■ Data records:
▼
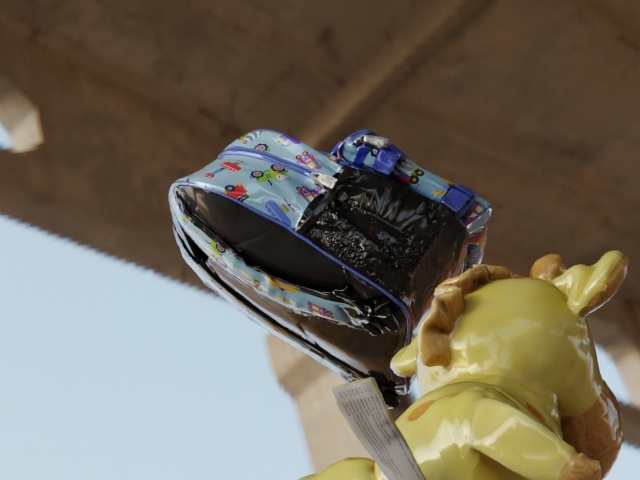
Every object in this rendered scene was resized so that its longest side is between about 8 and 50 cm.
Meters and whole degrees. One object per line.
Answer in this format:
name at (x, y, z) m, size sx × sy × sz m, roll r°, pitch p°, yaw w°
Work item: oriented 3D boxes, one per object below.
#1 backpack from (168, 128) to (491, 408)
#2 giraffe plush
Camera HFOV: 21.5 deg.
backpack at (0.000, 0.000, 1.013) m, size 0.117 × 0.173 × 0.158 m, roll -54°, pitch -17°, yaw -21°
giraffe plush at (0.073, 0.092, 0.751) m, size 0.181 × 0.170 × 0.210 m, roll 3°, pitch -55°, yaw 22°
▲
■ WORK REQUEST: Print the lines of the entries, exactly, from the one containing "name at (x, y, z)" down to the final line, and leave out all the others.

■ EXERCISE ANSWER:
name at (x, y, z) m, size sx × sy × sz m, roll r°, pitch p°, yaw w°
Work item: oriented 3D boxes, one per object below.
#1 backpack from (168, 128) to (491, 408)
#2 giraffe plush
Camera HFOV: 21.5 deg.
backpack at (0.000, 0.000, 1.013) m, size 0.117 × 0.173 × 0.158 m, roll -54°, pitch -17°, yaw -21°
giraffe plush at (0.073, 0.092, 0.751) m, size 0.181 × 0.170 × 0.210 m, roll 3°, pitch -55°, yaw 22°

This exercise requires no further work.